THE PROBLEM - The entries that follow need to be reproduced exactly, minus any images.

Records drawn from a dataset
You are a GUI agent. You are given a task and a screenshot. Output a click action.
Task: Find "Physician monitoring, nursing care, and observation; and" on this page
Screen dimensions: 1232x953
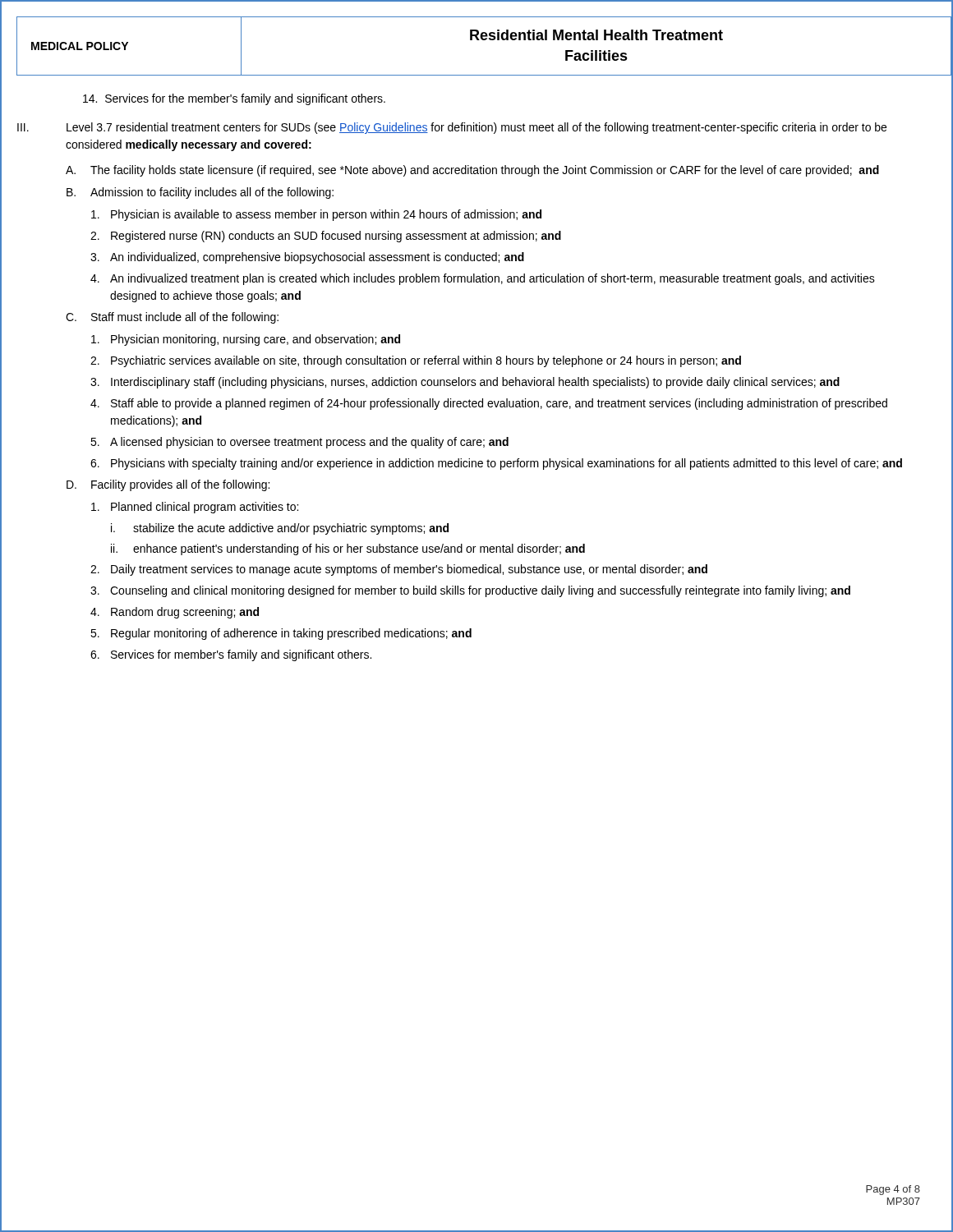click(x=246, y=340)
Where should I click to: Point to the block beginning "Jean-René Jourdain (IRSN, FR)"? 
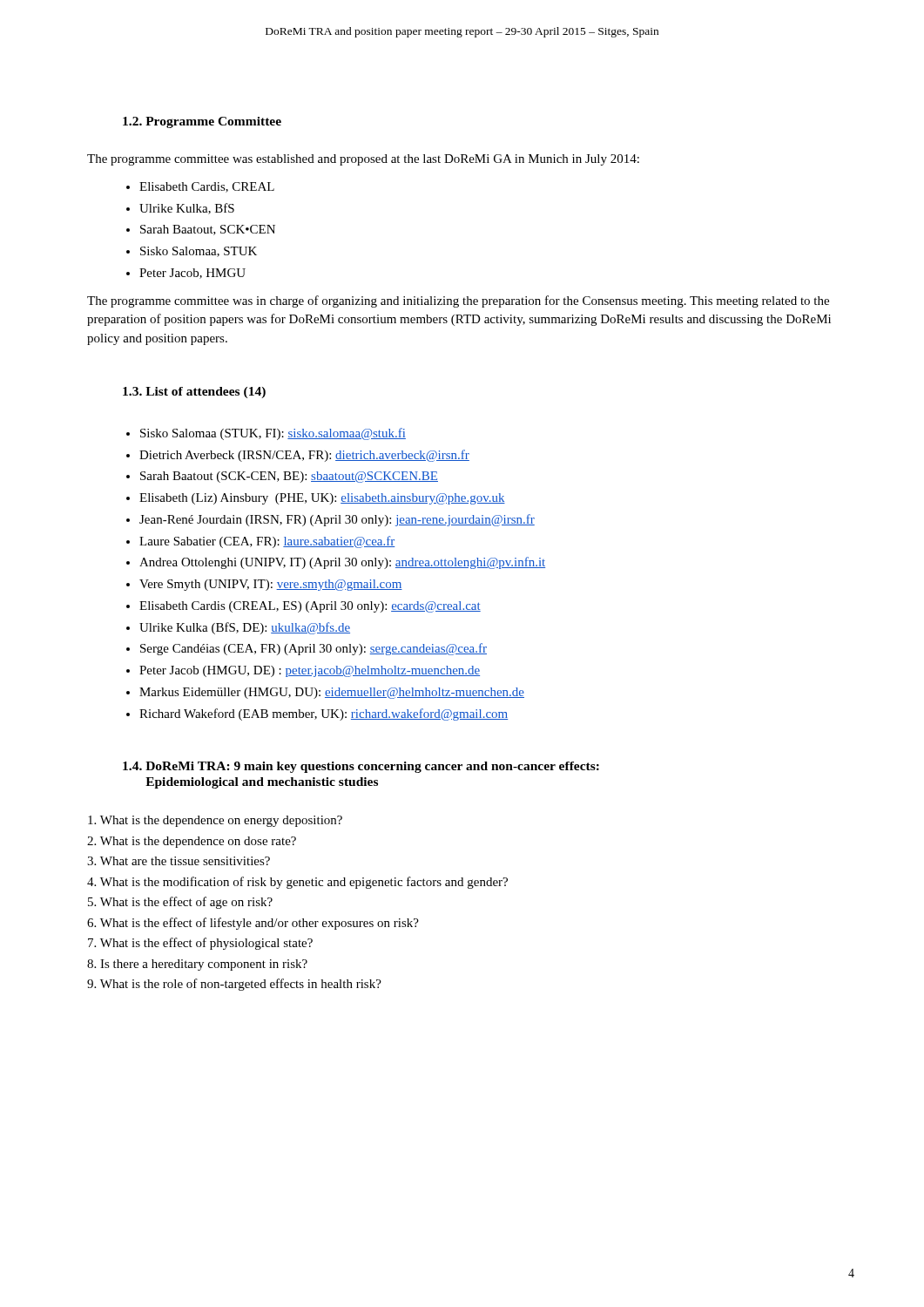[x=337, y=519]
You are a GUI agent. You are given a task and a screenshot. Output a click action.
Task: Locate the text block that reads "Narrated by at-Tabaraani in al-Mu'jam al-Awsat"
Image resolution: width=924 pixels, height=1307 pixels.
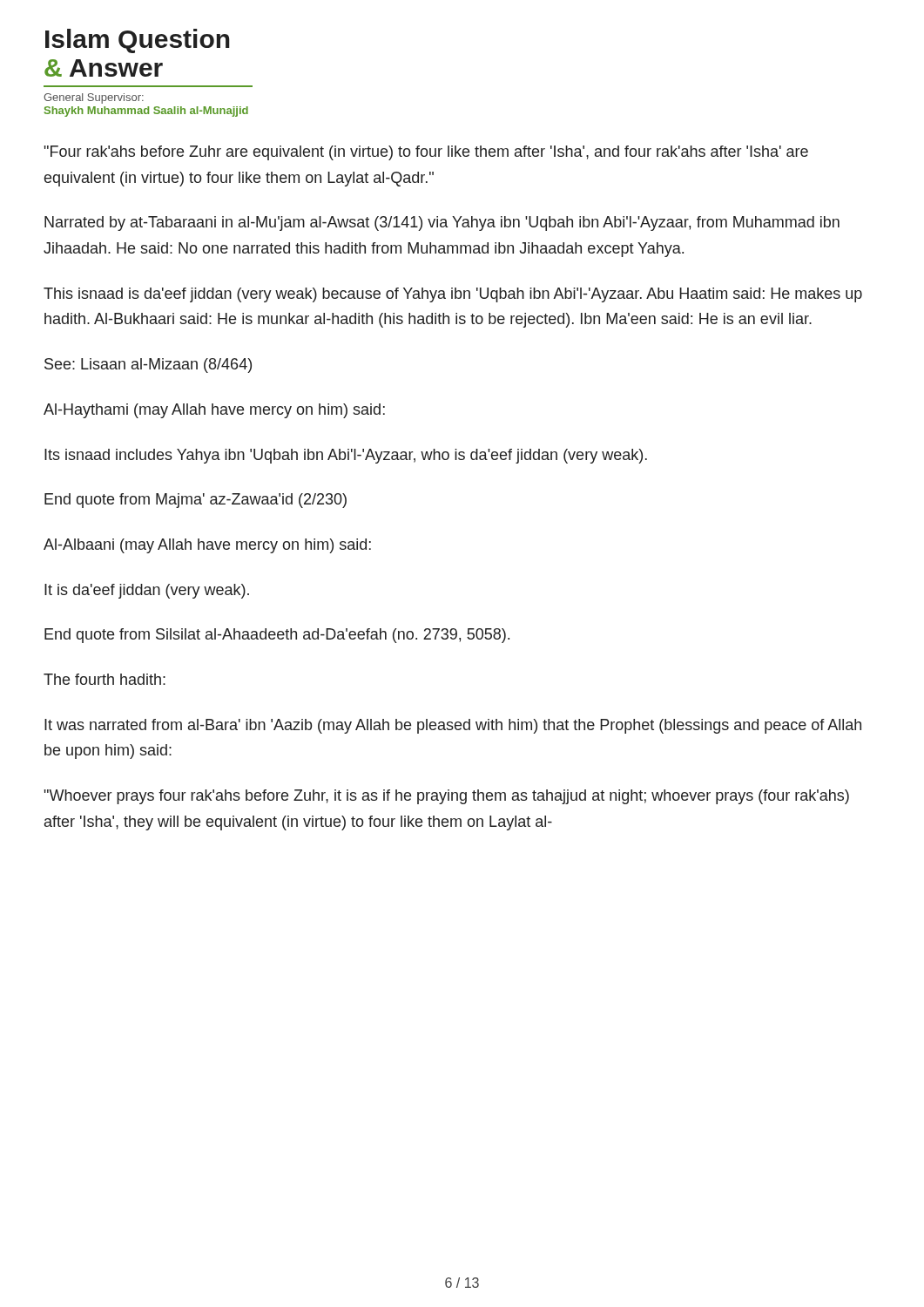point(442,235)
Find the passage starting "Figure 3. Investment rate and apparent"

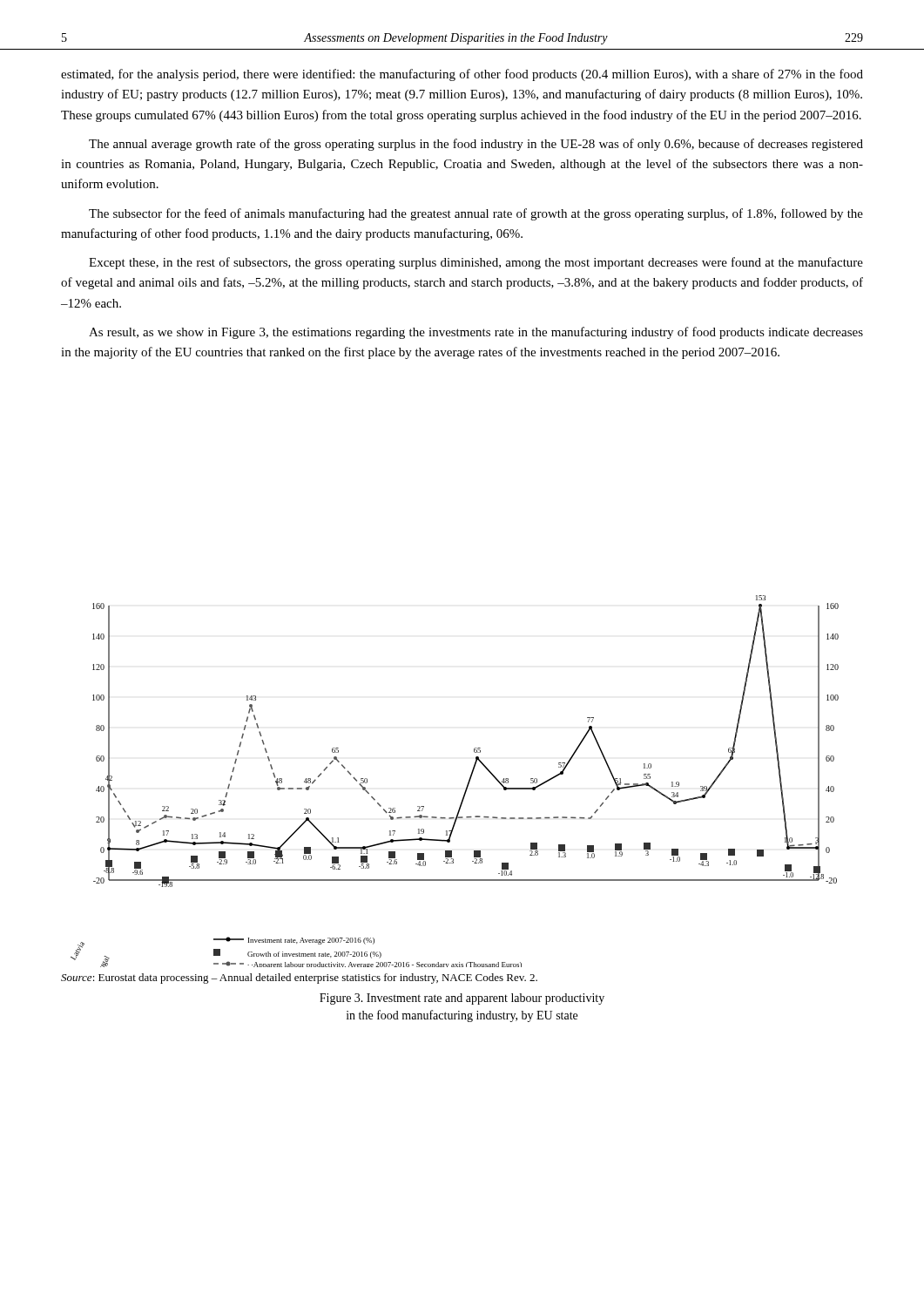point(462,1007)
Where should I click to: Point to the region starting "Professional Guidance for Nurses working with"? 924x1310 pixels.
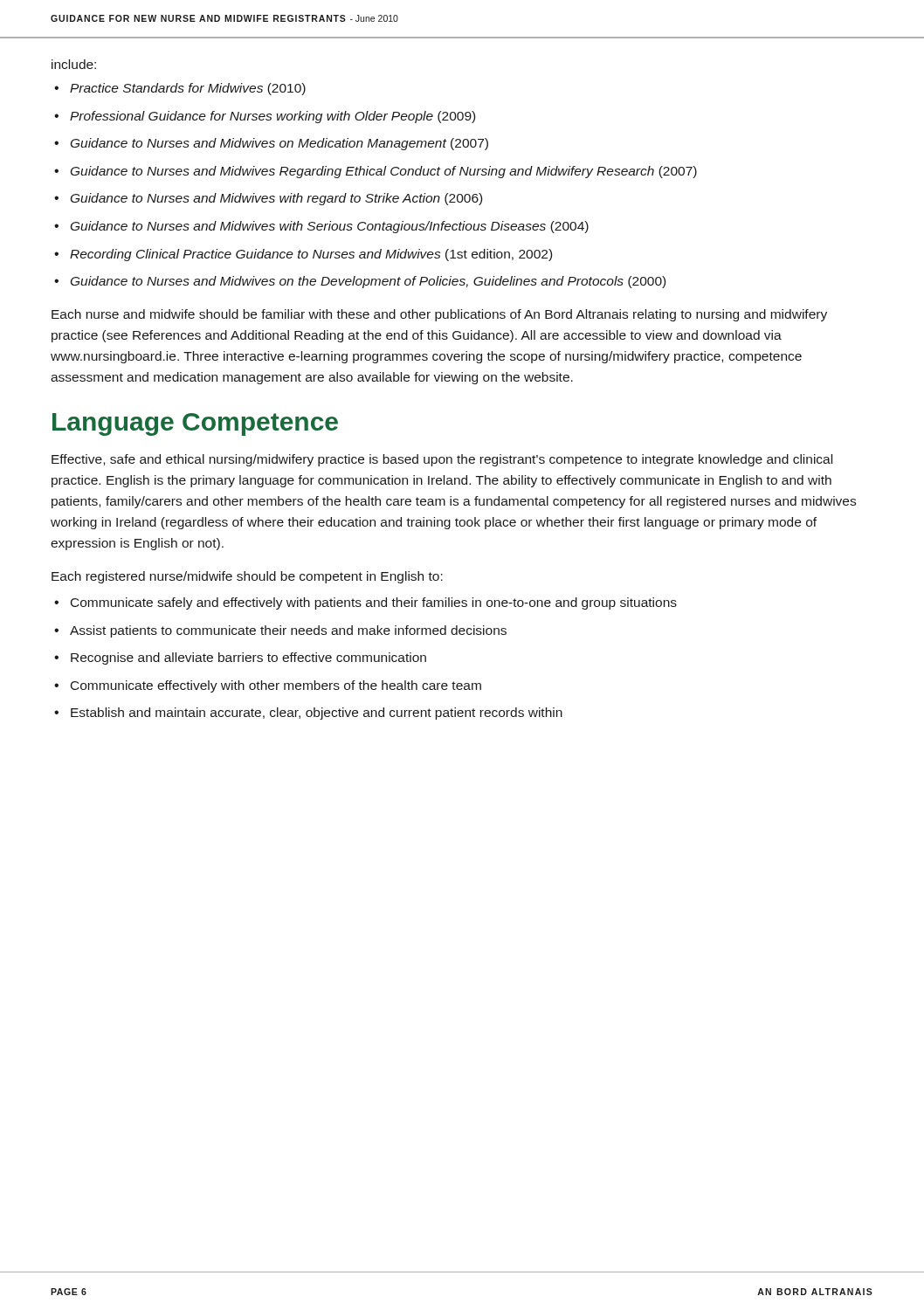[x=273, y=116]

SOLUTION FOR THIS EXERCISE -
You are a GUI agent. You are given a task and a screenshot. Output a click action.
Task: Find "Physician monitoring, nursing care, and observation; and" on this page
Screen dimensions: 1232x953
click(x=246, y=340)
Where should I click to: Point to the block beginning "Jean-René Jourdain (IRSN, FR)"? 
[x=337, y=519]
You are a GUI agent. You are given a task and a screenshot. Output a click action.
Task: Locate the text block that reads "Narrated by at-Tabaraani in al-Mu'jam al-Awsat"
Image resolution: width=924 pixels, height=1307 pixels.
point(442,235)
Find the passage starting "Figure 3. Investment rate and apparent"

point(462,1007)
Where should I click to: Point to the region starting "Professional Guidance for Nurses working with"? 924x1310 pixels.
[x=273, y=116]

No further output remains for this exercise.